Hit Lit: One Attempt to Define Bestsellerdom

Wednesday, May 2, 2012

Laura Miller woke me up early this morning with her "Recipe for a bestselling book," over on Salon.com.  "One writer says he's figured out 12 basic ingredients for a blockbusting title," reads the article's subtitle. "Can the puzzle really be that easy?"

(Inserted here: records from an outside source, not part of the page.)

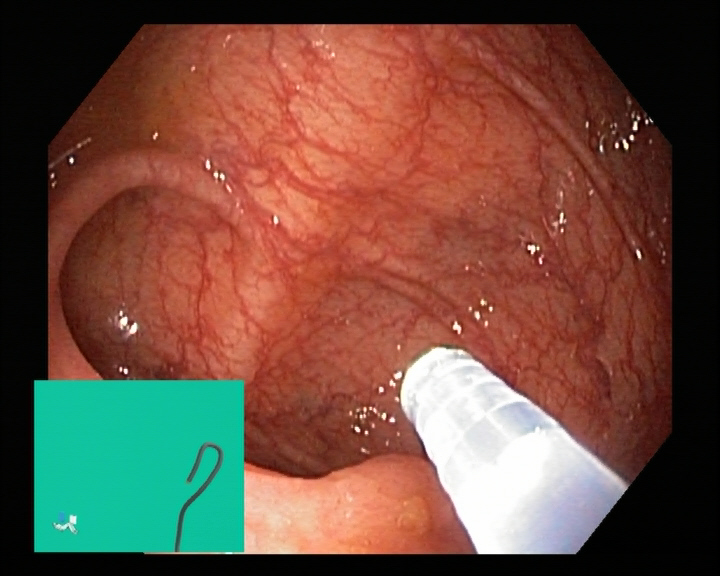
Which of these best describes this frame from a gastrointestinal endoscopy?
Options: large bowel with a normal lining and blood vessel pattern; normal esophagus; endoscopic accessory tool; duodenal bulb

endoscopic accessory tool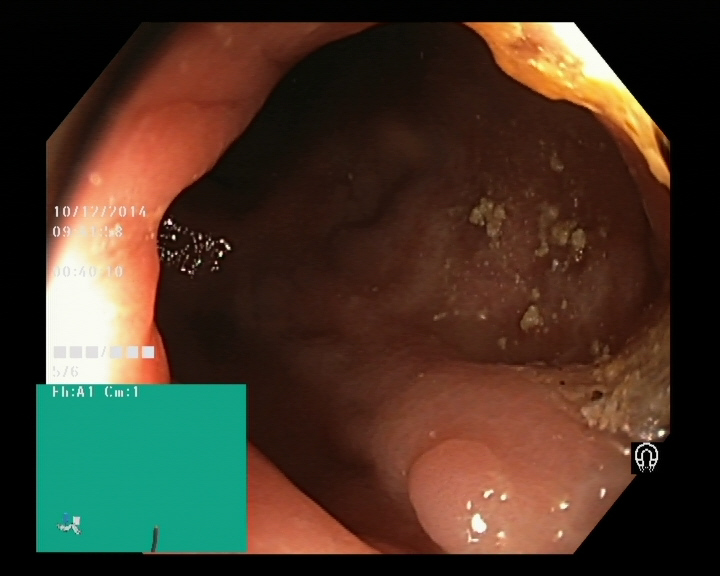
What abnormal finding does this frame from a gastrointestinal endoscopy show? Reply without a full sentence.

colon polyp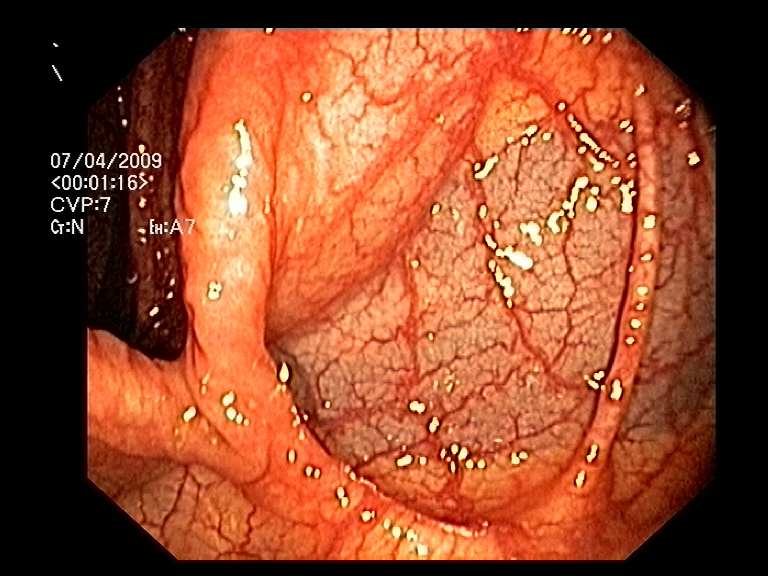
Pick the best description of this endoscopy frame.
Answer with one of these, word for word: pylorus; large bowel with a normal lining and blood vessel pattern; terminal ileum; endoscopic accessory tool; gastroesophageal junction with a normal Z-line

large bowel with a normal lining and blood vessel pattern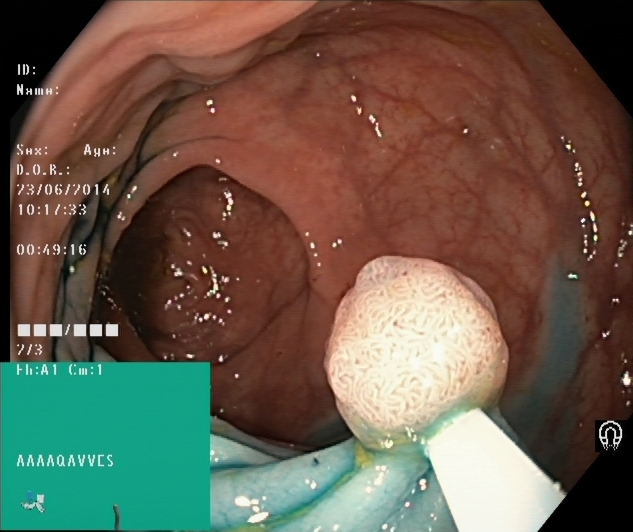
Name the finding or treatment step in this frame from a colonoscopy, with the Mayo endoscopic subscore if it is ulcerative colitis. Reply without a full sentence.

dyed and lifted polyp (pre-resection)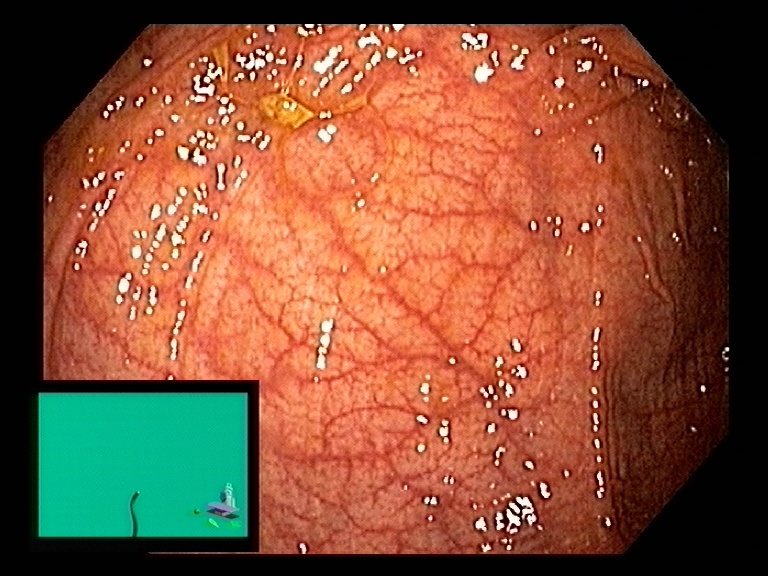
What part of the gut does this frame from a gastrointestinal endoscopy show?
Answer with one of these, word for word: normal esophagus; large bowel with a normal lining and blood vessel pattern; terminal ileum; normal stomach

large bowel with a normal lining and blood vessel pattern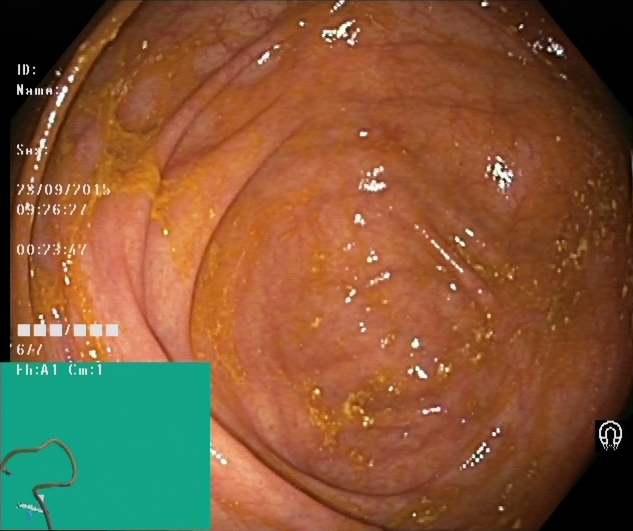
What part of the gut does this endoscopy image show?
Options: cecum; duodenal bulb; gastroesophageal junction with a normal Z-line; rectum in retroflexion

cecum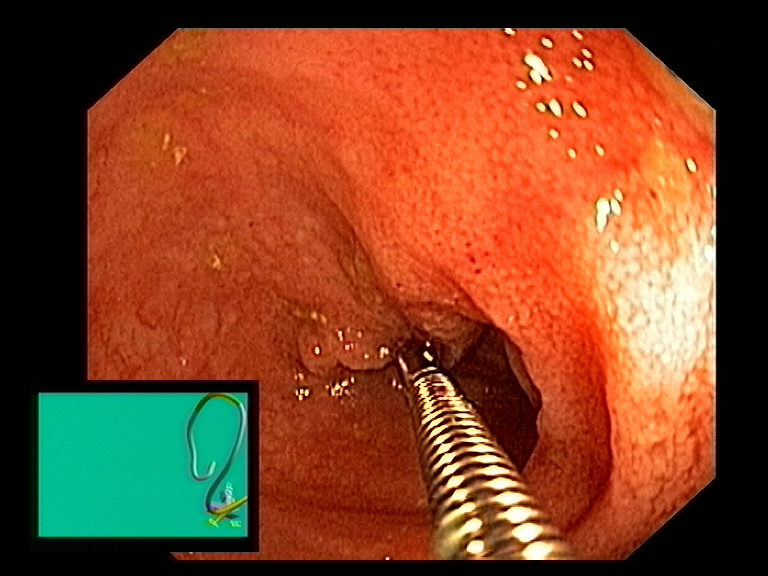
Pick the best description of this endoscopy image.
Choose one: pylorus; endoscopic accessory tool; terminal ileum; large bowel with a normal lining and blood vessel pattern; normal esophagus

endoscopic accessory tool

The book is by James Hall.  The title is Hit Lit: Cracking the Code of the 20h Century's Biggest Bestsellers. The titillation potential is, well, Come on.  The bottom line (for Hall):  Megabestsellers are all "permutations of one book written again and again for each new generation of readers." The bottom line (for Miller):
True, I, too, would never call (Dan) Brown a “good writer” — yet many very successful novelists are not: Stieg Larsson, for example. A book doesn’t have to be especially well-written, plausible or original to be a bestseller (although it can be). The characters don’t have to be particularly interesting, as John Grisham proves again and again. In fact, if there is one trait that all of the bestsellers Hall considers absolutely share, it’s that a lot of people like them.
Miller isn't being tongue-in-cheek, or coy.  She's just being honest.  She's reflecting on the questions all of us ask—How did that book end up on the bestseller list? Why in the world did book clubs go crazy over that clunker? Doesn't anybody care about the integrity of a sentence?—and she's giving us the answer:  
Publishers can provide a book with the ideal conditions in which to catch on, but only the genuine enthusiasm of the reading public will make it an ongoing hit. Word of mouth — one reader raving to another about how much he or she enjoyed it — is the single determining factor. And you can’t buy that.
No. It is true. You cannot.



3 comments:

Serena said...

I agree with the final conclusion. I really love writing about books that are excellent and deserve recognition

Anonymous said...

Word of mouth makes a blockbuster, and I think nobody can predict what will catch on. Nobody can guess it, and imitations don't work either. Sometimes it's a book that's radically different, and other times it's a book others have done just as well but they didn't catch on. It could be luck, timing, something ineffable. I don't know--maybe the luck gods fart and the wind carries the odour of success far and wide. Stink or perfume--you decide! :)

Kelly Simmons said...

I have nothing to say that hasn't been said before. Which should make this a best-selling comment.